How to be the best Economic Data Scientist: The Seven Tools of Causal Inference and Ethics

Originally published on November 21, 2019, on LinkedIn, updated lightly October 29, 2022

My blog tagline is economists put the science into data science. Part of the reason I make this claim is many applied econometricians (sadly not all) place a high value on causality and causal inference. Further, those same economists will follow an ethic of working with data that is close to the 2002 guidance of Peter Kennedy and myself.

Judea Pearl discusses “The Seven Tools of Causal Inference with Reflections on Machine Learning” (cacm.acm.org/magazines/2019/3/234929), a Contributed Article in the March 2019 CACM.

This is a great article with three messages.

The first message is to point out the ladder of causation.

  1. As shown in the figure, the lowest rung is an association, a correlation. He writes it as given X, what then is my probability of seeing Y?
  2. The second rung is intervention. If I do X, will Y appear?
  3. The third is counterfactual in that if X did not occur, would Y not occur?

In his second message, he discusses an inference engine, of which he says AI people and I think economists should be very familiar. After all, economists are all about causation, being able to explain why something occurs, but admittedly not always at the best intellectual level. Nevertheless, the need to seek casualty is definitely in the economist’s DNA. I always say the question “Why?” is an occupational hazard or obsession for economists.

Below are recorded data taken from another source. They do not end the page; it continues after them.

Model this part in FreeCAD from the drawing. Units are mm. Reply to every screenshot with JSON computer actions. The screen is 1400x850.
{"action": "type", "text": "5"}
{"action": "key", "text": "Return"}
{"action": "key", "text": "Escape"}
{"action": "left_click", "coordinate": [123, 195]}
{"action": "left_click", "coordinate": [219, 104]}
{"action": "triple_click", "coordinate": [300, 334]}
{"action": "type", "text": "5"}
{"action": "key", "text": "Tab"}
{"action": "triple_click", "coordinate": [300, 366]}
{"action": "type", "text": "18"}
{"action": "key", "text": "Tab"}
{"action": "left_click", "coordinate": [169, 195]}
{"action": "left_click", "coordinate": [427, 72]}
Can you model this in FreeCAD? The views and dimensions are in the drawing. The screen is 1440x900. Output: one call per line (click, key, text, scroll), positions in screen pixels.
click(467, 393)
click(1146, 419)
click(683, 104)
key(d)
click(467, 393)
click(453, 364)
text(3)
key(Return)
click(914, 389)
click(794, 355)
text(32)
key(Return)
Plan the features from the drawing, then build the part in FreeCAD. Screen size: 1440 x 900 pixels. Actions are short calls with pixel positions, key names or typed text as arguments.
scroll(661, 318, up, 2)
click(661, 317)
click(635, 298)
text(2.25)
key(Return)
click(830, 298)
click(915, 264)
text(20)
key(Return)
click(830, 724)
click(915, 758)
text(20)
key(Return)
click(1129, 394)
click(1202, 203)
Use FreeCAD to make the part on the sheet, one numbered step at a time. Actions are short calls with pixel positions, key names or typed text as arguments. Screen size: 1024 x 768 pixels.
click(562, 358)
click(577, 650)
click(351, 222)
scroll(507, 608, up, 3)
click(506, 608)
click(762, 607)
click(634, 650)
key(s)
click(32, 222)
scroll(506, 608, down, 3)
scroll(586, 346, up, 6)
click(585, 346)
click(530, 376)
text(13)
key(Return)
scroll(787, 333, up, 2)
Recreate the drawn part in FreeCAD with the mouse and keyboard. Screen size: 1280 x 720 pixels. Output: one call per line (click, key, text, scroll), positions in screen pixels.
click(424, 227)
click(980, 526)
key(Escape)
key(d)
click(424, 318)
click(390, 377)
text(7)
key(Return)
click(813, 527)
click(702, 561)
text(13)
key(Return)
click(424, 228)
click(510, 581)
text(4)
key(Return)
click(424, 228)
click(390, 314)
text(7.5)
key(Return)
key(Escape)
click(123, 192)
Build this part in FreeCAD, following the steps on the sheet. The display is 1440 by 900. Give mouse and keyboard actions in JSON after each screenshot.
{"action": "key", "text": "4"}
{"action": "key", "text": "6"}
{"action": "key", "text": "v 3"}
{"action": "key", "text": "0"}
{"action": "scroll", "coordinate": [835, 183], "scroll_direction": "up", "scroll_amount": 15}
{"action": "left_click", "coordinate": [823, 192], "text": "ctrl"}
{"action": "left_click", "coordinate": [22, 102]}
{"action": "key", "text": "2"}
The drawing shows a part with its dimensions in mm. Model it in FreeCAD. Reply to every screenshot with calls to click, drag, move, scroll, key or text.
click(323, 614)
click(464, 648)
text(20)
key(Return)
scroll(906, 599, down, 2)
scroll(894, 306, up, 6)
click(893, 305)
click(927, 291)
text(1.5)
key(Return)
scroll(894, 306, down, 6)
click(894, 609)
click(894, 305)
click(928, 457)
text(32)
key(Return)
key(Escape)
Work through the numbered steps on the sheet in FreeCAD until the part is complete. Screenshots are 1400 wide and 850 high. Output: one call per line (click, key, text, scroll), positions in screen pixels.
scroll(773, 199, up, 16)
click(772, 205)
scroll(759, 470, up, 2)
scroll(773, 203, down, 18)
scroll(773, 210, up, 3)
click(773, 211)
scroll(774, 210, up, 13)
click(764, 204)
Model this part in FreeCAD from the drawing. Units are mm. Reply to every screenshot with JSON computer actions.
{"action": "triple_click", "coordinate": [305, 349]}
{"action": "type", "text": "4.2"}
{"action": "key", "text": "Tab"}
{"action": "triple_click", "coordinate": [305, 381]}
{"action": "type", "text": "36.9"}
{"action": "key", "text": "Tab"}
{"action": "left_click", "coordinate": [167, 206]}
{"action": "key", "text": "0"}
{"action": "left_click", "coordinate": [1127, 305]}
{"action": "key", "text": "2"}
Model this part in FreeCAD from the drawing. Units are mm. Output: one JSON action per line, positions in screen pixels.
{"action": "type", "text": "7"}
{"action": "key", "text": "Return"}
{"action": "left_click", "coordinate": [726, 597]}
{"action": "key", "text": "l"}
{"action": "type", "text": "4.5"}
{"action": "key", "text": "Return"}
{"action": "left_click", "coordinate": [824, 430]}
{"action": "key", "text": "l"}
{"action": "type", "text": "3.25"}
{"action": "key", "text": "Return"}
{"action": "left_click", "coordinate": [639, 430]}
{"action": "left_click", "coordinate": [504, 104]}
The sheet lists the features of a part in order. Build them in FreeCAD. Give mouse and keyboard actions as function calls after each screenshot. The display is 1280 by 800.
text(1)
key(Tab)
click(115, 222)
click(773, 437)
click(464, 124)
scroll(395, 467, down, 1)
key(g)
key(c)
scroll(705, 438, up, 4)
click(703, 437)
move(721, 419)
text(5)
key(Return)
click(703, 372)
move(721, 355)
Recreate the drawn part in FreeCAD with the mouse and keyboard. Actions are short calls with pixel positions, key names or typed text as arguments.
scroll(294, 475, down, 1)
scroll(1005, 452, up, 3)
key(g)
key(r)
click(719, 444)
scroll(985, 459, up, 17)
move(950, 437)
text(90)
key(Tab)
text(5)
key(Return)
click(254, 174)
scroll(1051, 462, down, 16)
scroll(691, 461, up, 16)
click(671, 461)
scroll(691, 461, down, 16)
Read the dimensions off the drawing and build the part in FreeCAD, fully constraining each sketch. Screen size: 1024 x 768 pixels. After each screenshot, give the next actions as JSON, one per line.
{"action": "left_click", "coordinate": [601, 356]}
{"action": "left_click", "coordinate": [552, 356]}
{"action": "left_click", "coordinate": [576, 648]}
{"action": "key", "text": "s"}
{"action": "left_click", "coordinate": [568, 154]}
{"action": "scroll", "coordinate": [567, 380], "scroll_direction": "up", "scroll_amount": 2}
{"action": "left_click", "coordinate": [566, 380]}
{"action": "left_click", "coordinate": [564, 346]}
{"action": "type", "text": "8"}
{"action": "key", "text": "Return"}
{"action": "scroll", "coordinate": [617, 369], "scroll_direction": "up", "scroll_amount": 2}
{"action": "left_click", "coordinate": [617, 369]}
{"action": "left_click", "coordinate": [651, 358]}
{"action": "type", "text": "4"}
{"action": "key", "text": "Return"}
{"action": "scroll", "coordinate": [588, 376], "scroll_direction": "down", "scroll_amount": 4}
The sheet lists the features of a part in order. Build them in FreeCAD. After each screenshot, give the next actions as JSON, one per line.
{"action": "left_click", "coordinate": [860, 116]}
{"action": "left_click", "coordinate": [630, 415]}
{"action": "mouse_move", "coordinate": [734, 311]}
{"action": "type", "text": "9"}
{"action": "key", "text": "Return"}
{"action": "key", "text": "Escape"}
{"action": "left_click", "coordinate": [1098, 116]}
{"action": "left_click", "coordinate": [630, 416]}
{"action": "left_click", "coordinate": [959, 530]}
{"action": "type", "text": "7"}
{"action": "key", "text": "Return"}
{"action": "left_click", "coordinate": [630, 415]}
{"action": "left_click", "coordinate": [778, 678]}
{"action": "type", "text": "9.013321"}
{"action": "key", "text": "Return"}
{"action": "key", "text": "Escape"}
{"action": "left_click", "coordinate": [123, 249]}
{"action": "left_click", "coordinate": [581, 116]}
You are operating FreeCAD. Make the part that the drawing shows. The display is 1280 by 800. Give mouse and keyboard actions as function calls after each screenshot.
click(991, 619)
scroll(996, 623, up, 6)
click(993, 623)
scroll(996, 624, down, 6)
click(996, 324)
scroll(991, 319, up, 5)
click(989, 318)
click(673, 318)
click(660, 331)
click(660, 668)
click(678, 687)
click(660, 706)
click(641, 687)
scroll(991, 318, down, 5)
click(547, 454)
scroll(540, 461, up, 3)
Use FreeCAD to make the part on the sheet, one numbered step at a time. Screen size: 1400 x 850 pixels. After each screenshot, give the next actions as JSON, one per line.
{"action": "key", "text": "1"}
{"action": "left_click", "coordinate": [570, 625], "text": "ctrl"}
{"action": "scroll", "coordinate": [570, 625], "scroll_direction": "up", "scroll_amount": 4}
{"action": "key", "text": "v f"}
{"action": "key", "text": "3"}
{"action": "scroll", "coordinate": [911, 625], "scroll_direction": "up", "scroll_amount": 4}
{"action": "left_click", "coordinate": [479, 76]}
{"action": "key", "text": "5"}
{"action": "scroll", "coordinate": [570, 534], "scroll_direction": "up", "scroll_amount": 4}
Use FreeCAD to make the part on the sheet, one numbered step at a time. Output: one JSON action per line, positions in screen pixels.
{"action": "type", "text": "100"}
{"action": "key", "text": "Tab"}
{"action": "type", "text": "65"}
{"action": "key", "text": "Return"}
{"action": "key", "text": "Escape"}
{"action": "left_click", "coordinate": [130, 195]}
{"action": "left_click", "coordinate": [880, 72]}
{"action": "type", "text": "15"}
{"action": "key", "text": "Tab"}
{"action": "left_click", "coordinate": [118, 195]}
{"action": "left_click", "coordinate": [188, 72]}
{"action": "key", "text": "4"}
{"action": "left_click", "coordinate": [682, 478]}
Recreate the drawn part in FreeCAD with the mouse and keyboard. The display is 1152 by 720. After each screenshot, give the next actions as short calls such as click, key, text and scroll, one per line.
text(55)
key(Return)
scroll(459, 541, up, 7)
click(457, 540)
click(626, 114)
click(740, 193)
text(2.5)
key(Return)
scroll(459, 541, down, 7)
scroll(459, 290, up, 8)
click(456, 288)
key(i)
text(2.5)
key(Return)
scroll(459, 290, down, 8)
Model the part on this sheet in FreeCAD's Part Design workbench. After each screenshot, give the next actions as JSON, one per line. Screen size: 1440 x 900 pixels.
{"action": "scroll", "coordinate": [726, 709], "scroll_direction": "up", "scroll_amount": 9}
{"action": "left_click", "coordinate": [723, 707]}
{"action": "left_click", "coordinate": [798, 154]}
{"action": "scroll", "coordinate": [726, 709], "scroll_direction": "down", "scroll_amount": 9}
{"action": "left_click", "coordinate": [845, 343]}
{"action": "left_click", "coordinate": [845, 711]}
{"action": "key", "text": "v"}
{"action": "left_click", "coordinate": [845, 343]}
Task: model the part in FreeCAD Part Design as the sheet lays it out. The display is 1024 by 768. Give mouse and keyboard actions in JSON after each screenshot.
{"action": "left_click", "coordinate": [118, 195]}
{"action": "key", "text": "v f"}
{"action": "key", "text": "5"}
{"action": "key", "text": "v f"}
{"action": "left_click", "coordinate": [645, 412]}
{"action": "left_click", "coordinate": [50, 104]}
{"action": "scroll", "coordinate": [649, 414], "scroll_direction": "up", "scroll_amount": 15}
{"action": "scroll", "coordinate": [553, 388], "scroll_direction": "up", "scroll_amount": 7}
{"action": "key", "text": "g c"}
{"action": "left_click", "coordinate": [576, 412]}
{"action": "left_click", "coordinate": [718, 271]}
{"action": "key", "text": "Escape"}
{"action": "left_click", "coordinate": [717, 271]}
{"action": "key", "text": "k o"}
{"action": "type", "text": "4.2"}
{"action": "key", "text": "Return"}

People who know me understand that I am a huge admirer, indeed a disciple of the late Peter Kennedy (Guide to Econometrics, chapter on Applied Econometrics, 2008). Kennedy in 2002 set out the 10 rules of applied econometrics in his article “Sinning in the Basement: What are the rules.” I think they imply practices of ethical data use and are of wider application than with Kennedy’s intended audience. I wrote about Ethical Rules in Applied Econometrics and Data Science here.

Kennedy’s first rule is to use economic theory and common sense when articulating a problem and reasoning a solution. Pearl in his Book of Why explains that one cannot advance beyond rung one without other outside information. I think Kennedy would wholeheartedly agree. I want to acknowledge Marc Bellemare for his insightful conversation on the combination of Kennedy and Pearl in the same discussion of rules in applied econometrics. Perhaps I will write about that later.

Pearl’s third message is to give his seven (7) rules or tools for Causal Inference. They are

  1. Encoding causal assumptions: Transparency and testability.
  2. Do-calculus and the control of confounding.
  3. The algorithmization of counterfactuals. 
  4. Mediation analysis and the assessment of direct and indirect effects.
  5. Adaptability, external validity, and sample selection bias.
  6. Recovering from missing data. 
  7.  Causal discovery.

I highly recommend this article, followed by the Book of Why (lead coauthor) and Causal Inference in Statistics: A Primer. (lead coauthor). Finally, I include a plug for a book in which I contributed a chapter on ethics in econometrics, Bill Franks, 97 Things About Ethics Everyone in Data Science Should Know: Collective Wisdom from the Experts.